- Theatrical release poster
- Directed by: Robert Wise
- Screenplay by: Terence Brennan
- Story by: Allan A. Goldstein Tony Mark
- Produced by: Stuart Benjamin
- Starring: Jason Gedrick; Troy Beyer; Eddie Velez; Tisha Campbell;
- Cinematography: Theo van de Sande
- Music by: Michael Kamen David A. Stewart
- Distributed by: New Visions Pictures
- Release date: March 17, 1989;
- Running time: 95 minutes
- Country: United States
- Language: English
- Budget: $7–8 million
- Box office: $2,043,889

= Rooftops (film) =

Rooftops is a 1989 American crime and dance musical drama film directed by Robert Wise, which follows the misadventures of two homeless teenagers in Manhattan.

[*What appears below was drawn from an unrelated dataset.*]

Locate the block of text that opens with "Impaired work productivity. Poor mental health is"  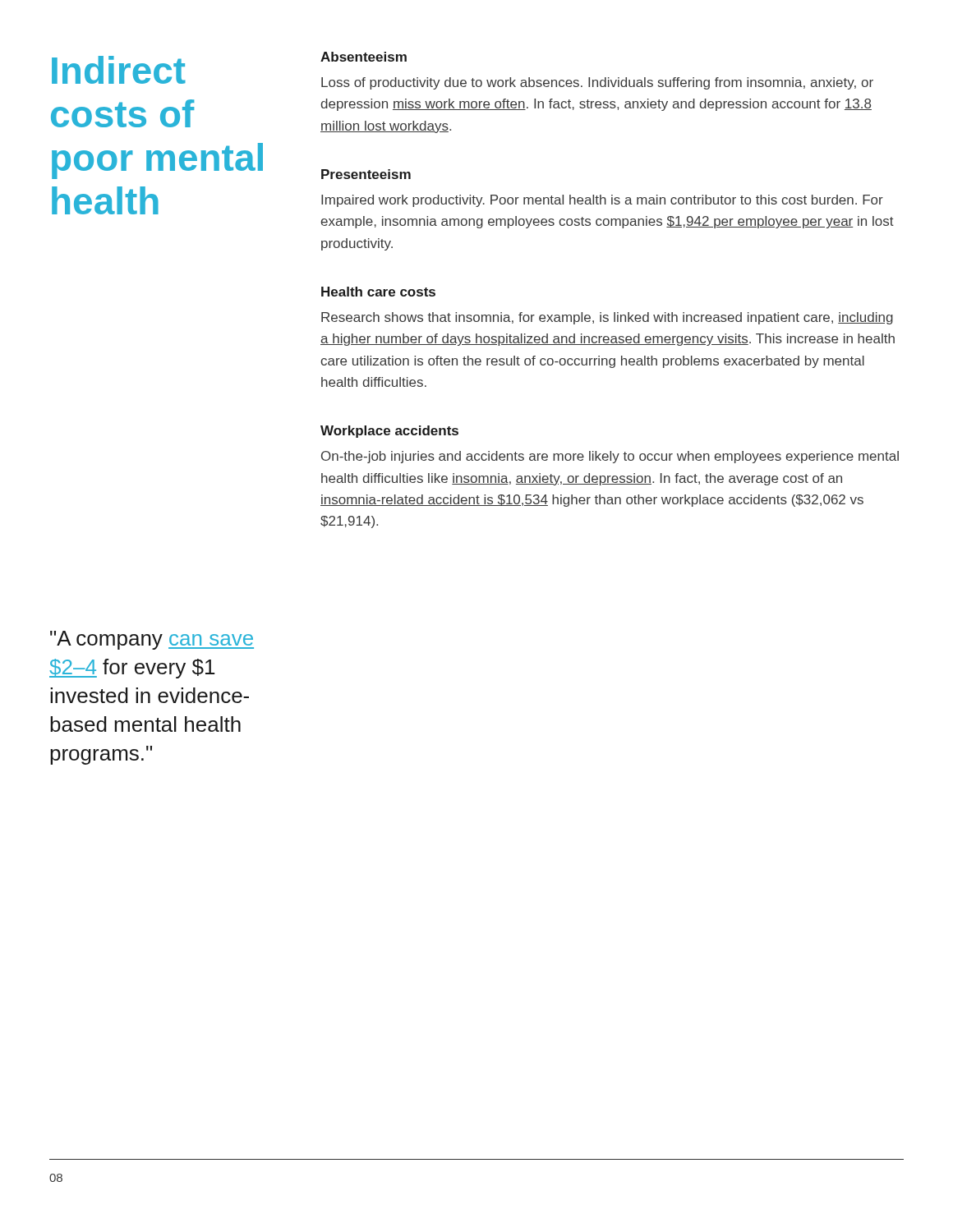[x=612, y=222]

Rooftops was the last theatrical motion picture directed by Wise and the second of his films about poor young New Yorkers, the first being the famous West Side Story.

==Plot==
Squeak, the main character's best friend has tagged the wrong place and a local crew of misfits seeks to teach him a lesson. A chase ensues through the streets of New York City, through abandoned buildings and on rooftops. Squeak is finally cornered before his best friend and the film's main hero, T, comes to his rescue. The rest of the film focuses on T and his group of friends, among them a reformed prostitute, a young woman, and a deaf basketball player.

T is famous among the neighbourhood for taking place in a dance called "combat" in which "combatants" attempt to force each other off of a square fighting surface through only intimidation, no contact is allowed. T falls in love with Elana and she reciprocates his feelings. T is also exposed to Capoeira, which he naturally compares to his own fighting style.

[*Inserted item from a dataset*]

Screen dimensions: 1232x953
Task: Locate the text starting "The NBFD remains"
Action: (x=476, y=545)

The main antagonists are a group of drug dealers who are slowly taking over the city's abandoned buildings, stringing out the local youth and establishing themselves as the law of the streets. Squeak crosses the drug dealers and pays for it with his life. The rest of the movie follows T and his friends quest for redemption at the hands of the drug dealers, and ends in a climactic rooftop battle.

==Cast==
- Jason Gedrick as "T"
- Troy Beyer as Elena
- Eddie Velez as "Lobo"
- Tisha Campbell as Amber
- Alexis Cruz as "Squeak"
- Allen Payne as Kadim
- Steve Love as Jackie "Sky"
- Rafael Baez as Raphael
- Jaime Tirelli as Officer Rivera
- Luis Guzmán as Martinez
- Millie Tirelli as Squeak's Mother
- Robert LaSardo as "Blade"
- Jay Boryea as Willie
- Rockets Redglare as Carlos
- Edouard DeSoto as Angelo
- John Canada Terrell as Junkie Cop
- Bruce Smolanoff as "Bones"
- Paul Herman as Jimmy
- Edythe Jason as Lois
- Lauren Tom as Audry
- Stuart Rudin as Wino
- Coley Wallace as Lester
- Herb Kerr as Jorge
- Peter Lopez as "Burn"
- Kurt Lott as "Zit"
- Jed James as "X"

==Critical reception==
The film was not well-received by critics. The film has a composite score of 10% on Rotten Tomatoes from 20 reviews. Roger Ebert opined that the film was unrealistic and sugarcoated the grim realities facing homeless teenagers.

==Soundtrack==
The music credits included the title song "Rooftops" performed by Jeffrey Osborne, "Avenue D," performed by Etta James, featuring David A. Stewart, and Bullet Proof Heart, written and produced by Grace Jones.

==Home media release==
Rooftops was first released on VHS and Laserdisc in 1989 by International Video Entertainment.

Platinum Disc released the film onto DVD in 2002, but the DVD was in full screen and did not contain any bonus material. That DVD has since been discontinued.

The current DVD is a double feature release with A Midsummer Night's Rave.